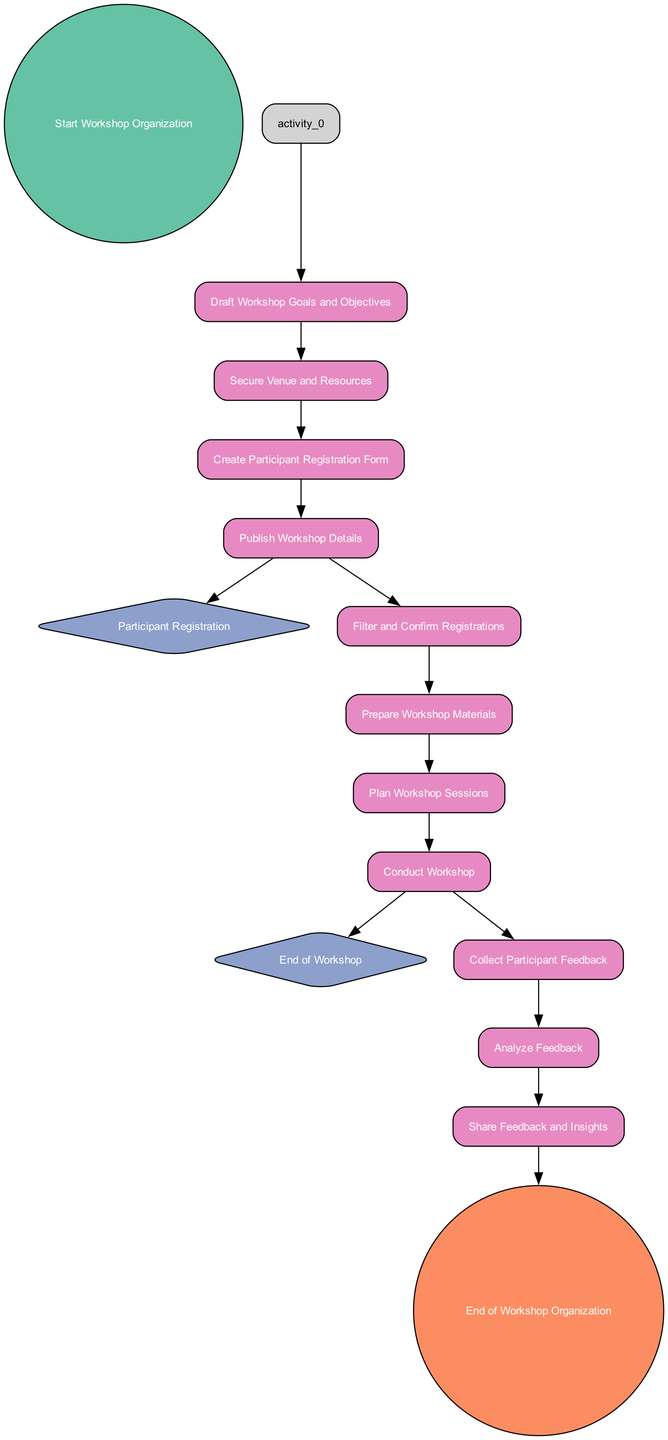What is the first activity in the diagram? The first activity node that follows the start event, "Start Workshop Organization," is "Draft Workshop Goals and Objectives." It is identified as the first activity that initiates the workflow in the diagram.
Answer: Draft Workshop Goals and Objectives How many activities are there in total? The diagram contains ten activity nodes including the session planning steps, which are "Draft Workshop Goals and Objectives," "Secure Venue and Resources," "Create Participant Registration Form," "Filter and Confirm Registrations," "Prepare Workshop Materials," "Plan Workshop Sessions," "Conduct Workshop," "Collect Participant Feedback," "Analyze Feedback," and "Share Feedback and Insights." This counts to a total of 10 activities.
Answer: 10 What is the last activity before the end event? The last activity that proceeds before reaching the end event, "End of Workshop Organization," is "Share Feedback and Insights." This indicates it’s the final step in the workflow that leads to the conclusion.
Answer: Share Feedback and Insights What type of events are represented in the diagram? The diagram includes one start event, two intermediate events, and one end event. This structure defines the beginning, progression, and conclusion of the workshop organization process.
Answer: Start, Intermediate, and End events What is the relationship between "Collect Participant Feedback" and "Analyze Feedback"? "Collect Participant Feedback" directly precedes "Analyze Feedback" in the workflow. This shows that once feedback is collected from participants, the next logical step is to analyze the feedback for insights.
Answer: Directly precedes How many registration steps are there? The registration process includes "Create Participant Registration Form" and "Filter and Confirm Registrations," indicating there are two key steps involved in managing participant registrations.
Answer: Two steps Which activity immediately follows "Prepare Workshop Materials"? The activity that comes right after "Prepare Workshop Materials" is "Plan Workshop Sessions." This reflects the sequential nature of preparing materials as a precursor to session planning.
Answer: Plan Workshop Sessions What is the role of the intermediate event "Participant Registration"? The intermediate event "Participant Registration" serves as a transition point in the diagram, indicating that the process of registering participants occurs before filtering and confirming their registrations. It acts as a checkpoint in the workflow.
Answer: Transition point What do the colors in the diagram represent? The colors in the diagram differentiate between types of nodes: start events are green, end events are red, intermediate events are blue, and activities are pink. This color coding helps to quickly identify the purpose of each node.
Answer: Different types of nodes

----

Within the material above, show every line that includes "many".

Answer: Draft Workshop Goals and Objectives How many activities are there in total? The diagram contains ten activity nodes including the session planning steps, which are "Draft Workshop Goals and Objectives," "Secure Venue and Resources," "Create Participant Registration Form," "Filter and Confirm Registrations," "Prepare Workshop Materials," "Plan Workshop Sessions," "Conduct Workshop," "Collect Participant Feedback," "Analyze Feedback," and "Share Feedback and Insights." This counts to a total of 10 activities.
Answer: Directly precedes How many registration steps are there? The registration process includes "Create Participant Registration Form" and "Filter and Confirm Registrations," indicating there are two key steps involved in managing participant registrations.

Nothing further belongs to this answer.